CREATE TABLE reservation (
    during tsrange,
    EXCLUDE USING GIST (during WITH &&)
);

That constraint will prevent any overlapping values from existing in the table at the same time:

INSERT INTO reservation VALUES
    ('[2010-01-01 11:30, 2010-01-01 15:00)');
INSERT 0 1

INSERT INTO reservation VALUES
    ('[2010-01-01 14:45, 2010-01-01 15:45)');
ERROR:  conflicting key value violates exclusion constraint "reservation_during_excl"
DETAIL:  Key (during)=(["2010-01-01 14:45:00","2010-01-01 15:45:00")) conflicts
with existing key (during)=(["2010-01-01 11:30:00","2010-01-01 15:00:00")).

You can use the btree_gist extension to define exclusion constraints on plain scalar data types, which can then be combined with range exclusions for maximum flexibility.
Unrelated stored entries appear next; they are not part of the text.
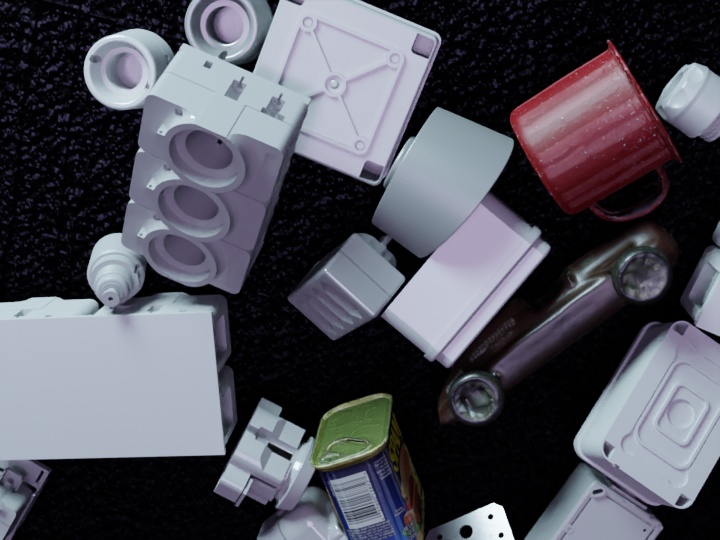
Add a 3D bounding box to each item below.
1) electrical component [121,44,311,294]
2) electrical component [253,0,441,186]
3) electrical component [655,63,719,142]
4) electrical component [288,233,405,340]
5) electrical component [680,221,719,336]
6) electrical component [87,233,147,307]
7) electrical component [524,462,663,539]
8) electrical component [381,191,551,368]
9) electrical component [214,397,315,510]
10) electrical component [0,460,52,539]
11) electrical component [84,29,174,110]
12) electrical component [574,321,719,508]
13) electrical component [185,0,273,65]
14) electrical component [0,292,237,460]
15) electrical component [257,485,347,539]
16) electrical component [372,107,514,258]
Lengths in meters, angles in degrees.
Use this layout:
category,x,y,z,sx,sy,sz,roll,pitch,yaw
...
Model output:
category,x,y,z,sx,sy,sz,roll,pitch,yaw
electrical component,-0.100,-0.059,0.709,0.089,0.061,0.150,23,139,-1
electrical component,-0.015,-0.127,0.727,0.109,0.056,0.108,22,104,-1
electrical component,0.234,-0.106,0.719,0.062,0.043,0.043,34,104,-6
electrical component,0.000,0.000,0.753,0.047,0.083,0.075,42,65,-6
electrical component,0.293,-0.020,0.726,0.089,0.061,0.150,23,104,-1
electrical component,-0.174,0.004,0.764,0.040,0.078,0.040,-3,115,-6
electrical component,0.172,0.188,0.790,0.062,0.061,0.096,34,96,-4
electrical component,0.074,0.005,0.736,0.057,0.078,0.113,40,99,3
electrical component,-0.064,0.140,0.787,0.057,0.078,0.058,28,140,-3
electrical component,-0.310,0.157,0.817,0.121,0.063,0.078,31,104,-3
electrical component,-0.159,-0.137,0.741,0.055,0.047,0.055,1,104,4
electrical component,0.210,0.099,0.745,0.078,0.057,0.113,35,79,-4
electrical component,-0.089,-0.166,0.728,0.055,0.047,0.055,1,104,4
electrical component,-0.189,0.077,0.789,0.186,0.060,0.105,-2,104,5
electrical component,-0.023,0.214,0.812,0.059,0.053,0.095,-41,97,12
electrical component,0.053,-0.058,0.718,0.064,0.099,0.099,30,104,4
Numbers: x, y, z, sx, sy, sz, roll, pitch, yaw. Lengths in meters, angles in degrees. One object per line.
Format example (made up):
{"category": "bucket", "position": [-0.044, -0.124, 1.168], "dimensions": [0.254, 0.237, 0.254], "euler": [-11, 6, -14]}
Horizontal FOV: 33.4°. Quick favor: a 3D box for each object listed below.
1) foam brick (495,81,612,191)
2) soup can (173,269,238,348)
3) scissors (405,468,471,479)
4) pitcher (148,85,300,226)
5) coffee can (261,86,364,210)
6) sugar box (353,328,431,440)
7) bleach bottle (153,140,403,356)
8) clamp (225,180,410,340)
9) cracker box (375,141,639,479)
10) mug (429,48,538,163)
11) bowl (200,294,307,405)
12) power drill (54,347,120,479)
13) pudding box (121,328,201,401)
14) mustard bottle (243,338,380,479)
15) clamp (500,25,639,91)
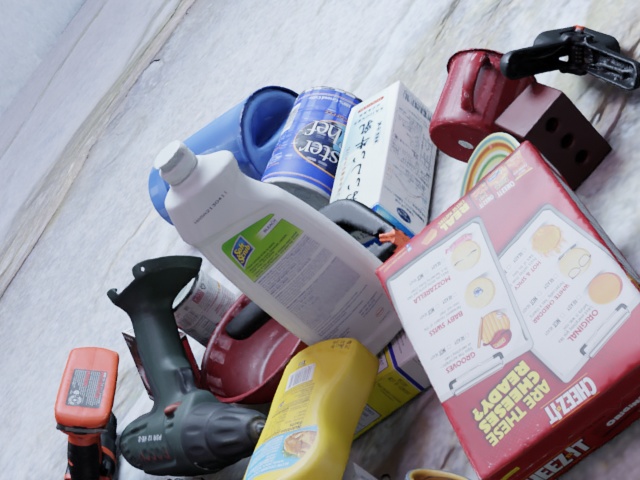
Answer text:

For example, after btree_gist is installed, the following constraint will reject overlapping ranges only if the meeting room numbers are equal:

CREATE EXTENSION btree_gist;
CREATE TABLE room_reservation (
    room text,
    during tsrange,
    EXCLUDE USING GIST (room WITH =, during WITH &&)
);

INSERT INTO room_reservation VALUES
    ('123A', '[2010-01-01 14:00, 2010-01-01 15:00)');
INSERT 0 1

INSERT INTO room_reservation VALUES
    ('123A', '[2010-01-01 14:30, 2010-01-01 15:30)');
ERROR:  conflicting key value violates exclusion constraint "room_reservation_room_during_excl"
DETAIL:  Key (room, during)=(123A, ["2010-01-01 14:30:00","2010-01-01 15:30:00")) conflicts
with existing key (room, during)=(123A, ["2010-01-01 14:00:00","2010-01-01 15:00:00")).

INSERT INTO room_reservation VALUES
    ('123B', '[2010-01-01 14:30, 2010-01-01 15:30)');
INSERT 0 1

8.15. 陣列

PostgreSQL allows columns of a table to be defined as variable-length multidimensional arrays. Arrays of any built-in or user-defined base type, enum type, composite type, range type, or domain can be created.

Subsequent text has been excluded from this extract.